What you should do
What should come back is the data below, word for word, minus any picture.

Data section

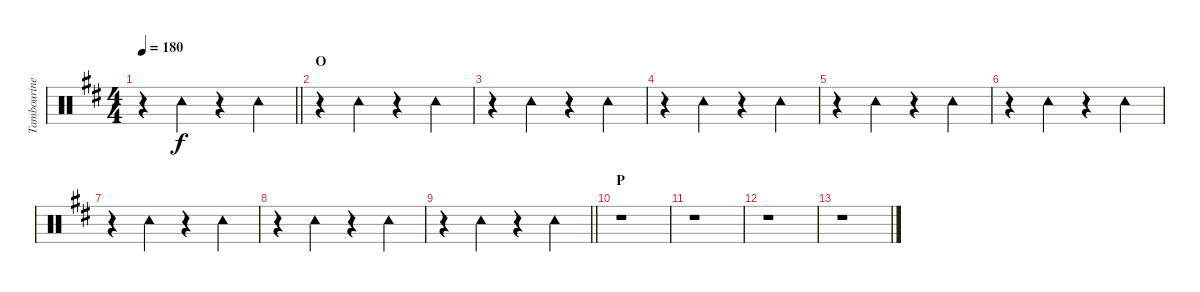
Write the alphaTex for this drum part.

\track ("Tambourine" "Tambourine") {instrument percussion}
\staff {score}
\articulation defaults
\ts (4 4)
\tempo 180
\clef neutral
\barLineRight lightlight
\ks d
r.4{dy f} "Tambourine (hit)".4 r.4 "Tambourine (hit)".4 |
\section ("" "O")
r.4 "Tambourine (hit)".4 r.4 "Tambourine (hit)".4 |
r.4 "Tambourine (hit)".4 r.4 "Tambourine (hit)".4 |
r.4 "Tambourine (hit)".4 r.4 "Tambourine (hit)".4 |
r.4 "Tambourine (hit)".4 r.4 "Tambourine (hit)".4 |
r.4 "Tambourine (hit)".4 r.4 "Tambourine (hit)".4 |
r.4 "Tambourine (hit)".4 r.4 "Tambourine (hit)".4 |
r.4 "Tambourine (hit)".4 r.4 "Tambourine (hit)".4 |
\barLineRight lightlight
r.4 "Tambourine (hit)".4 r.4 "Tambourine (hit)".4 |
\section ("" "P")
r.1 |
r.1 |
r.1 |
r.1

Response area
Write the alphaTex for this drum part.

\track ("Tambourine" "Tambourine") {instrument percussion}
\staff {score}
\articulation defaults
\ts (4 4)
\tempo 180
\clef neutral
\barLineRight lightlight
\ks d
r.4{dy f} "Tambourine (hit)".4 r.4 "Tambourine (hit)".4 |
\section ("" "O")
r.4 "Tambourine (hit)".4 r.4 "Tambourine (hit)".4 |
r.4 "Tambourine (hit)".4 r.4 "Tambourine (hit)".4 |
r.4 "Tambourine (hit)".4 r.4 "Tambourine (hit)".4 |
r.4 "Tambourine (hit)".4 r.4 "Tambourine (hit)".4 |
r.4 "Tambourine (hit)".4 r.4 "Tambourine (hit)".4 |
r.4 "Tambourine (hit)".4 r.4 "Tambourine (hit)".4 |
r.4 "Tambourine (hit)".4 r.4 "Tambourine (hit)".4 |
\barLineRight lightlight
r.4 "Tambourine (hit)".4 r.4 "Tambourine (hit)".4 |
\section ("" "P")
r.1 |
r.1 |
r.1 |
r.1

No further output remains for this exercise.